Olağan hayvanlar, beşerler dahil, belli bir beden tartısını “savunur”. On yıllar evvel yapılan araştırmalar, yiyeceklerden mahrum olan hayvanlarda hiperfaji ismi verilen bir süreç yakalamak için olağandan fazla yiyebileceklerini ortaya koydu. Beden yükü olağana döndüğünde, besin alımı olağanlaşır.
Dünyadaki insanların yaklaşık üçte biri kilolu yahut obez.
Schwartz ve takımı, beyin düzeneklerinin besin alımı, güç istikrarını ve glikoz metabolizmasını nasıl yönettiğini ve bu sistemdeki bozuklukların obeziteye ve şeker hastalığına nasıl yol açabileceğini araştıran öncü bireylerdir.
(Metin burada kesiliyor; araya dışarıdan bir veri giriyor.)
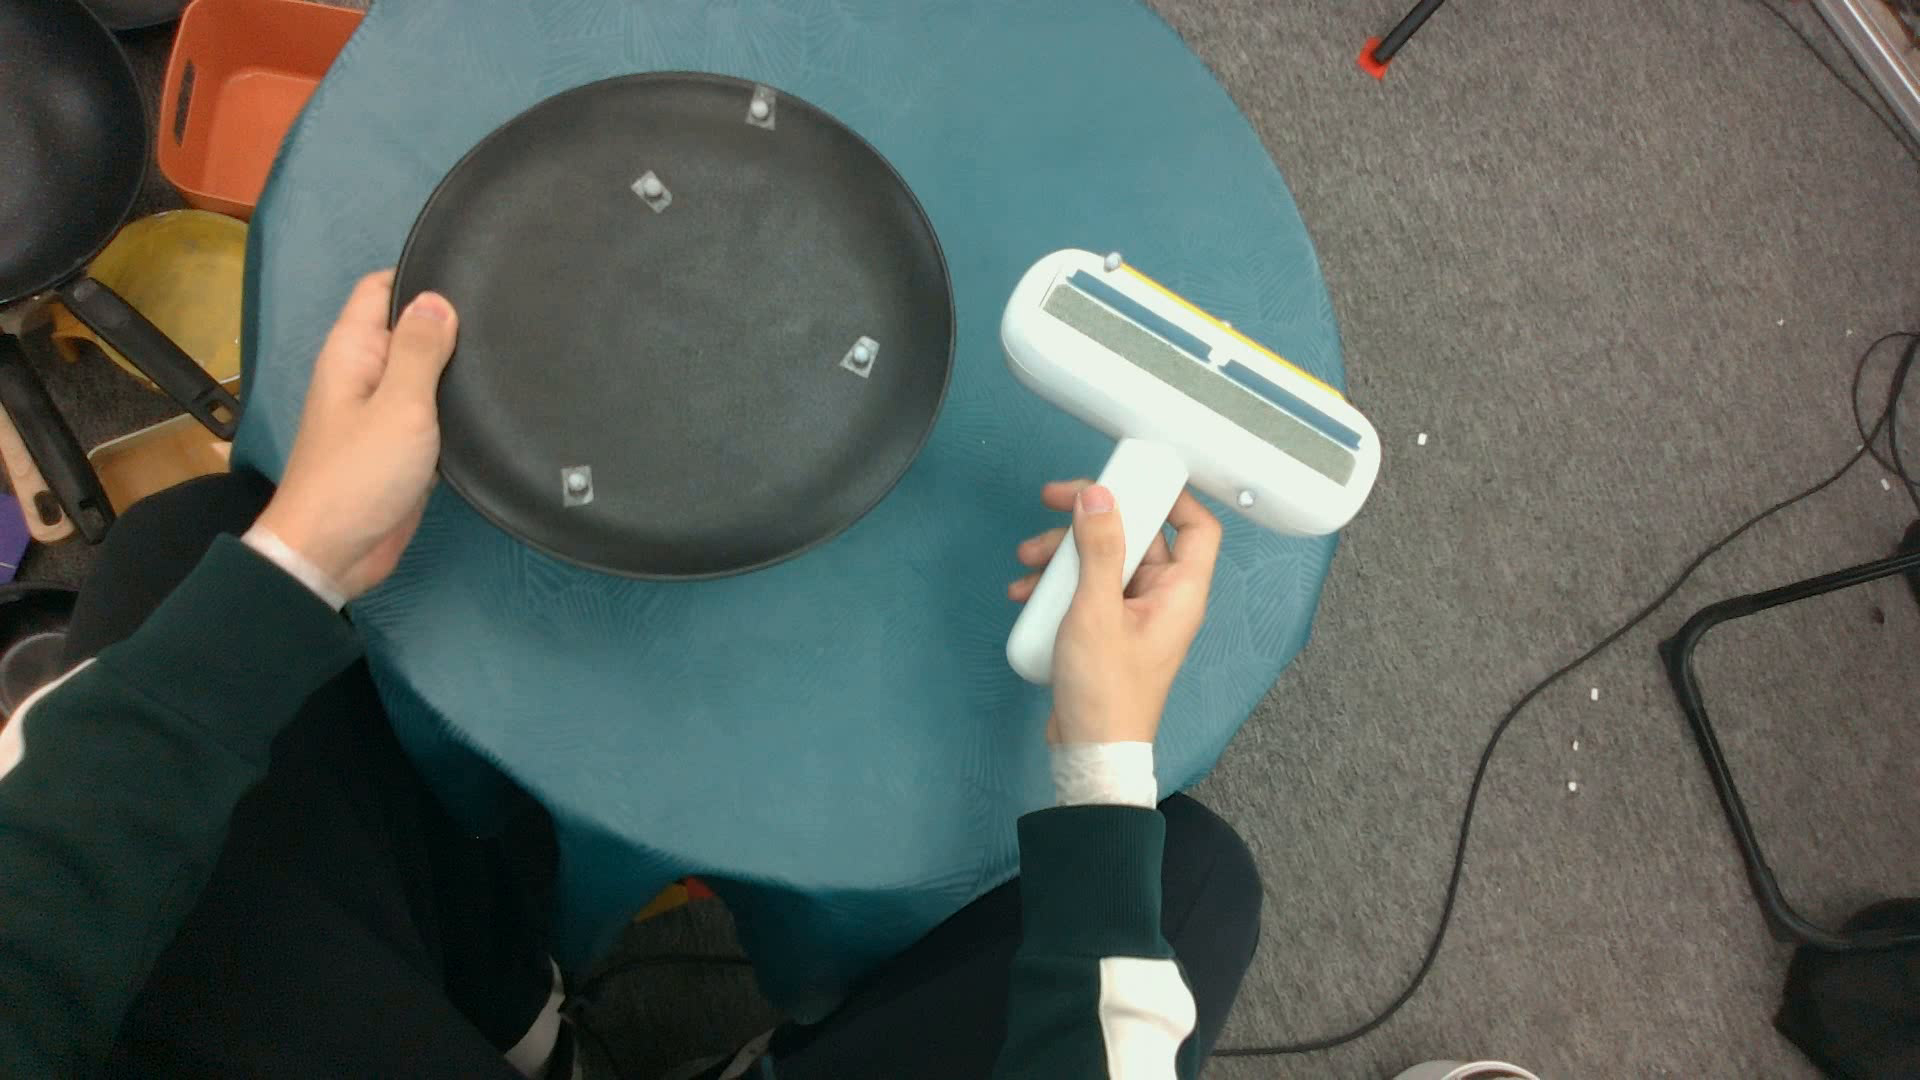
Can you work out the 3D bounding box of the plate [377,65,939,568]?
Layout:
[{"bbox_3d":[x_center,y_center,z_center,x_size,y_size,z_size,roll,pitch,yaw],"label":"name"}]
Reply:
[{"bbox_3d":[-0.131,-0.102,0.619,0.244,0.023,0.245,2,74,-8],"label":"plate"}]

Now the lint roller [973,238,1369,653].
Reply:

Bulmaca kesimlerini düzenlemek için yirmi yıllık bir araştırma, artık paradigma değiştiren tedavilerin geliştirilmesine yol açabilecek bulgulara dönüşmekte.
1990’lı yıllarda Schwartz ve grubu, yiyecek alımı süreciyle ilgili yeni bir soru sormuş: bir hayvan açlıkta olduğunda, beden hiperfajiye yahut “yakalama” yeme hareketine başlamak için beyne nasıl sinyal verir? Açlığı teşvik eden ve beslenme düzeylerini yükseltmek için yemek yiyen insülinde bir düşüş olduğunu düşünüyorlardı bu sinyal olabilir. Öbür yerlerde yapılan araştırmalar, açlığın hipotalamusta bir dizi nöropeptit Y (NPY) nöronunu aktive ettiğini ve sıçanları NPY ile tedavi etmenin beslemeyi teşvik ettiğini belirtti.
Erken bir deneyde, Schwartz, açlık sıçanlarının beyinlerini insülin ile infüzyon etmenin NPY nöronlarının aktivasyonunu engellediğini bulmuştu. Sonuç olarak, aç fareler yemek yeme alışkanlıklarını değerli ölçüde azalttı. Schwartz, “Çevresel bir hormonun aksiyonu ile sinirsel devrede beslenme davranışıyla alakalı bir değişiklik ortasındaki zincirdeki birinci bağlantıydı” diyor.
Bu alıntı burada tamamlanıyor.